Every line below needs to be reproduced exactly.

------ RECORD EXCERPTS ------

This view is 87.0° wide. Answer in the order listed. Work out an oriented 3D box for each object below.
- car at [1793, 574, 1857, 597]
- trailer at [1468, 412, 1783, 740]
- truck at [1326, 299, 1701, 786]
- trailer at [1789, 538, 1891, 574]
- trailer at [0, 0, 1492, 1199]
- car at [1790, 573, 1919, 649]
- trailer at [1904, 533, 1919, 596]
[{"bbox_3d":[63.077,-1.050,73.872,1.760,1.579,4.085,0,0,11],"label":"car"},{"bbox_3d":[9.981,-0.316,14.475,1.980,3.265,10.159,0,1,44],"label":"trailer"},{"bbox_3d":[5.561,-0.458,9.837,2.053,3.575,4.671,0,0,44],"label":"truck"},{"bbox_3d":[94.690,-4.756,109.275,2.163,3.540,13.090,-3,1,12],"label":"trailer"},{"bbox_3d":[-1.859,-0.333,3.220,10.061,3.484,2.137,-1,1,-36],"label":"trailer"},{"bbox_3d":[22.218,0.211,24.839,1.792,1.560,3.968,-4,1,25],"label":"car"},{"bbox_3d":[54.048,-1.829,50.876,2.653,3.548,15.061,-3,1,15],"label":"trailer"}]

------

§ **EXERCISE RESPONSE**:
This view is 87.0° wide. Answer in the order listed. Work out an oriented 3D box for each object below.
- car at [1793, 574, 1857, 597]
- trailer at [1468, 412, 1783, 740]
- truck at [1326, 299, 1701, 786]
- trailer at [1789, 538, 1891, 574]
- trailer at [0, 0, 1492, 1199]
- car at [1790, 573, 1919, 649]
- trailer at [1904, 533, 1919, 596]
[{"bbox_3d":[63.077,-1.050,73.872,1.760,1.579,4.085,0,0,11],"label":"car"},{"bbox_3d":[9.981,-0.316,14.475,1.980,3.265,10.159,0,1,44],"label":"trailer"},{"bbox_3d":[5.561,-0.458,9.837,2.053,3.575,4.671,0,0,44],"label":"truck"},{"bbox_3d":[94.690,-4.756,109.275,2.163,3.540,13.090,-3,1,12],"label":"trailer"},{"bbox_3d":[-1.859,-0.333,3.220,10.061,3.484,2.137,-1,1,-36],"label":"trailer"},{"bbox_3d":[22.218,0.211,24.839,1.792,1.560,3.968,-4,1,25],"label":"car"},{"bbox_3d":[54.048,-1.829,50.876,2.653,3.548,15.061,-3,1,15],"label":"trailer"}]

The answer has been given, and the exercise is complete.